HAZEL-NUTS
The American hazel-nut flourishes over the eastern half of the United States. It is a sweet little nut, much more to my taste than the bigger filbert, which is so popular in our markets. We used to gather hazel-nuts in the edge of woods which fringe the little rivers of the Mississippi Valley. The bushes grew in thickets and while the big brothers and sisters gathered the nuts from among the closely interlaced branches that grew scarcely higher than their heads, the smaller fry crept in underneath and getting about on the floor of the woods searched for nuts that had ripened early and dropped from the browning husk.
There is no progress in simply going out in the fall and taking what nature furnishes. Unaided, the good mother goes on producing the same small nuts, caring just as patiently for the inferior ones and even encouraging the nut weevils to prey upon them. But I wonder if some boy or girl who thinks there isn't any interesting work to be done on the farm, could not make some experiments in hazel-nut culture.

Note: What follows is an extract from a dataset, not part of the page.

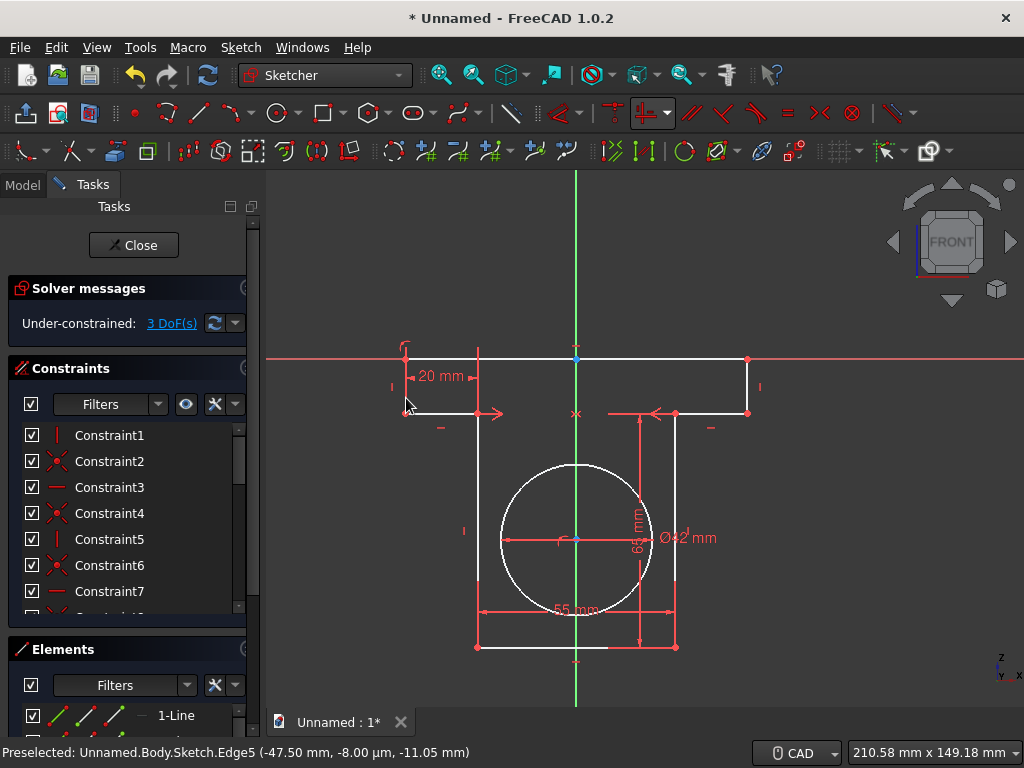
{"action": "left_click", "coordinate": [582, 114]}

The bushes grow readily from seed, but seedlings do not always produce as fine nuts as those that were planted. For this reason one can save time by selecting the bushes that bear the largest crop of fine nuts and propagating those. They grow in any well drained, fairly rich soil and I know of hundreds of miles of fence rows answering these requirements, which now produce poison ivy, cat brier and other harmful crops. Hazel bushes make a beautiful fence row, and yield a salable crop. Hazel bushes propagate naturally by suckers and layers. By manuring well in summer long shoots for layering will be forced. "These should be staked down in winter or spring and covered with earth. They may be removed to nursery rows or orchard at the end of the first season." So says W. A. Taylor in the "Cyclopædia of American Horticulture." The same writer gives directions for pruning as follows: Strong shoots should be headed back to promote spur formation (the nuts are borne on short side shoots) and old wood that has borne fruit should be removed annually. Suckers should be kept down unless wanted for propagation. March or April is the best time to prune as they blossom very early and one must avoid cutting off either the young nuts or the pollen-bearing flowers. The nuts should be gathered when the husk begins to brown at the edges. If left longer, as is most often done, in the case of wild nuts, a large proportion of the crop falls to the ground and is lost. Beside, the dried hulled nuts do not bring as high a price as the fresh unhusked ones. If kept long in the husk they will mould, unless dried thoroughly. The nuts, however, will keep through the season in a cool place.